**WORK REQUEST:**
Among the records, which lines hold the word "mark"? Pick them out.

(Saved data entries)
+++

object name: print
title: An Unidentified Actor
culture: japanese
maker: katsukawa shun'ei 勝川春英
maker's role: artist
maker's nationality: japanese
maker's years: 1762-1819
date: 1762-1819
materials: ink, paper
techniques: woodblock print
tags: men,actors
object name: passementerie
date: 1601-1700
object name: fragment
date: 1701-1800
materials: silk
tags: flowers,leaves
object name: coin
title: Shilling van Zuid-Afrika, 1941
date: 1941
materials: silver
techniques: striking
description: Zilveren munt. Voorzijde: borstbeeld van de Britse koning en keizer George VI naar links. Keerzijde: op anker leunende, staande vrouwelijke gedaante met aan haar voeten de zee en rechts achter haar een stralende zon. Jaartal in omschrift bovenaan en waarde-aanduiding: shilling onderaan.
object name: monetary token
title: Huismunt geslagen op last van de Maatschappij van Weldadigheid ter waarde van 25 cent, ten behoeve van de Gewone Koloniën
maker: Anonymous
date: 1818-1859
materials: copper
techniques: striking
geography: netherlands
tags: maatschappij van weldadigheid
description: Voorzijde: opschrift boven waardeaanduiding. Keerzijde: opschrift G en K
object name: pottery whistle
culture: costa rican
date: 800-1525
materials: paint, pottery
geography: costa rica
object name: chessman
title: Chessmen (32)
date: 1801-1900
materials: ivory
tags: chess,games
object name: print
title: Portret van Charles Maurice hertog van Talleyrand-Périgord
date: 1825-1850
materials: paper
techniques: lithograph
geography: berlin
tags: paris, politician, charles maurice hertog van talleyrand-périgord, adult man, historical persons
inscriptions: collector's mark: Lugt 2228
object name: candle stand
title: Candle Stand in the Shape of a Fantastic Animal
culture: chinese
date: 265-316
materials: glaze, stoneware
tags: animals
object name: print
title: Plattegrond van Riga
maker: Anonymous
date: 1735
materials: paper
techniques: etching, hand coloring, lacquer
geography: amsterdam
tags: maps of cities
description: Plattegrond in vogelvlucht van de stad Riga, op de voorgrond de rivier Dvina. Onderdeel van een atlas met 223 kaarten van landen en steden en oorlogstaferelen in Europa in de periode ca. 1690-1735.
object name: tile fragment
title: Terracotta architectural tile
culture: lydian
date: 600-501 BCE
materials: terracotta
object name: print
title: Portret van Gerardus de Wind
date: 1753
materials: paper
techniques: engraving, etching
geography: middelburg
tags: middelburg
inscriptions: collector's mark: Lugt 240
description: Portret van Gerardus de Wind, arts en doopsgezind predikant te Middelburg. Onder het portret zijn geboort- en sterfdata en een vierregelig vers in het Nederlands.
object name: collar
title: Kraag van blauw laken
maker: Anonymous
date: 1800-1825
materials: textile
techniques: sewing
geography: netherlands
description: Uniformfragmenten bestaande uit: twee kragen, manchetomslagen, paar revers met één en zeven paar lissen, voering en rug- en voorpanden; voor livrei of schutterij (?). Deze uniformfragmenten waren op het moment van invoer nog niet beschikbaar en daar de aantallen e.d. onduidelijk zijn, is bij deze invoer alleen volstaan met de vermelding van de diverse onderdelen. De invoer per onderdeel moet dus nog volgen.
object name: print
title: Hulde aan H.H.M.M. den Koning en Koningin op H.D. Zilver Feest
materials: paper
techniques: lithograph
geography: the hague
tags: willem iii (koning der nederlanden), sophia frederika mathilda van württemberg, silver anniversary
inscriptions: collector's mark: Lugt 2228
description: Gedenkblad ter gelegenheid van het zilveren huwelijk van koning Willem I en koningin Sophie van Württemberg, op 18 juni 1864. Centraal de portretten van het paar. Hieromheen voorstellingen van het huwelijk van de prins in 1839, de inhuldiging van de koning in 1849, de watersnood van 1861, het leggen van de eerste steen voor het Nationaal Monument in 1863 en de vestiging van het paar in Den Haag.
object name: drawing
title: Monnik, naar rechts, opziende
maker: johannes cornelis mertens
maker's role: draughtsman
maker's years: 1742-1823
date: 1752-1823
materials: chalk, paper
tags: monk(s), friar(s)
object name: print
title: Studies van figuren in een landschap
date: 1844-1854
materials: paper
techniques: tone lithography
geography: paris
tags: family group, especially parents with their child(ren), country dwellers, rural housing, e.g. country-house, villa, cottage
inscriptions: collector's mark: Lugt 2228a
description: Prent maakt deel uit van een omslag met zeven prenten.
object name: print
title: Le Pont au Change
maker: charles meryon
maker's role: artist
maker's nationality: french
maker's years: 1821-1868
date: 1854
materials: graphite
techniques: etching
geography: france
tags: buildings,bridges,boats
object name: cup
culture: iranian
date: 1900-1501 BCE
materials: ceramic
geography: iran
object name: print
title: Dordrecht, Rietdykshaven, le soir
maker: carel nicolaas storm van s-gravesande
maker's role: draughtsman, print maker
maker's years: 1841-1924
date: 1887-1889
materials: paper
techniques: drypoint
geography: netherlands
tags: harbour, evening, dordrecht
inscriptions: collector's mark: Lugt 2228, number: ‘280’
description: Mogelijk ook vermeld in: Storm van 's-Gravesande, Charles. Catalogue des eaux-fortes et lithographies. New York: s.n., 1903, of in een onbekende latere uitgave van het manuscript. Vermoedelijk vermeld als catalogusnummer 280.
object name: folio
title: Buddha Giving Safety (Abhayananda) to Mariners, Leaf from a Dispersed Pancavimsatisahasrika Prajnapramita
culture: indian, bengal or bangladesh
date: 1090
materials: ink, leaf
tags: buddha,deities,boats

+++

**RESPONSE BELOW:**
inscriptions: collector's mark: Lugt 2228
inscriptions: collector's mark: Lugt 240
inscriptions: collector's mark: Lugt 2228
inscriptions: collector's mark: Lugt 2228a
inscriptions: collector's mark: Lugt 2228, number: ‘280’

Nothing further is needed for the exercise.